Earlier this month, the Financial Times reported that Amazon employees had coined a term for something that I had already started to suspect: "tokenmaxxing".
Amazon set targets requiring 80%+ of developers to use AI tools weekly, visible on leaderboards ranked by token consumption. Predictably, employees responded to the incentive in front of them: running trivial zero-value tasks, padding prompts, leaving context windows open — all in efforts to climb the board.
Meta's equivalent ("Claudeonomics") saw 60 trillion tokens consumed in a single month. Fortune quoted D.A. Davidson analyst Gil Luria: "That doesn't sound very healthy."
It isn't. And it's a direct application of Goodhart's Law: "when a measure becomes a target, it ceases to be a good measure."
The Uncomfortable Truth About Token-Volume Incentives
- A poorly designed prompt — vague, verbose, and/or iterative — consumes far more tokens than a well-crafted one. Under a volume reward system, bad prompting wins.
- Lazy agentic use (triggering multi-step AI chains for single-step tasks) inflates token counts dramatically. It's rewarded. It shouldn't be.

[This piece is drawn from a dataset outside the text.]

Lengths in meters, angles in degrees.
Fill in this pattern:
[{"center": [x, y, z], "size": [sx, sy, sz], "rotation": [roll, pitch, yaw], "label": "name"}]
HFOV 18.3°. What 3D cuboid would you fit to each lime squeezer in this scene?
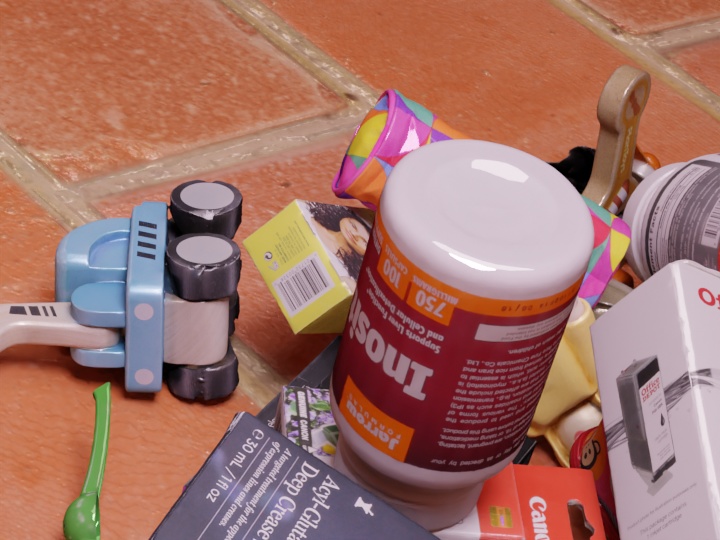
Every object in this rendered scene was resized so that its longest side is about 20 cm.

- This is the "lines-of-code" antipattern in a new guise. We stopped measuring developer output by lines committed decades ago because we learned it rewarded verbosity, not value.
The Surprising Data on AI Productivity
METR's peer-reviewed 2025 RCT found that experienced developers using AI tools took 19% longer on tasks than those working without them, while self-reporting they were 20% faster.
McKinsey & Company's 2026 Global AI Survey found that 86% of enterprises have increased AI budgets, but only 29% can reliably measure the return. Meanwhile, Larridin, Inc. found some organisations posting 50% more defects post-AI adoption.
What Organisations Should Actually Measure
- Output quality: Defect rates, change failure rates, code maintainability
- Cycle time per successful outcome: Not tokens consumed
- Prompt efficiency: Tokens per correct answer (a ratio, not a volume)
- Business outcomes: Cost reduction, P&L-visible improvements, time saved
McKinsey's five-layer AI measurement framework is explicit: top-performing organisations measure proficiency and outcomes, not adoption volume. The organisations seeing real AI ROI are those who defined success before deploying — not those who chased a leaderboard.
The Bottom Line
The instinct to gamify AI adoption is understandable. Tokens are countable, dashboards are visual, and leadership wants evidence of progress. But there's a difference between measuring activity and measuring value.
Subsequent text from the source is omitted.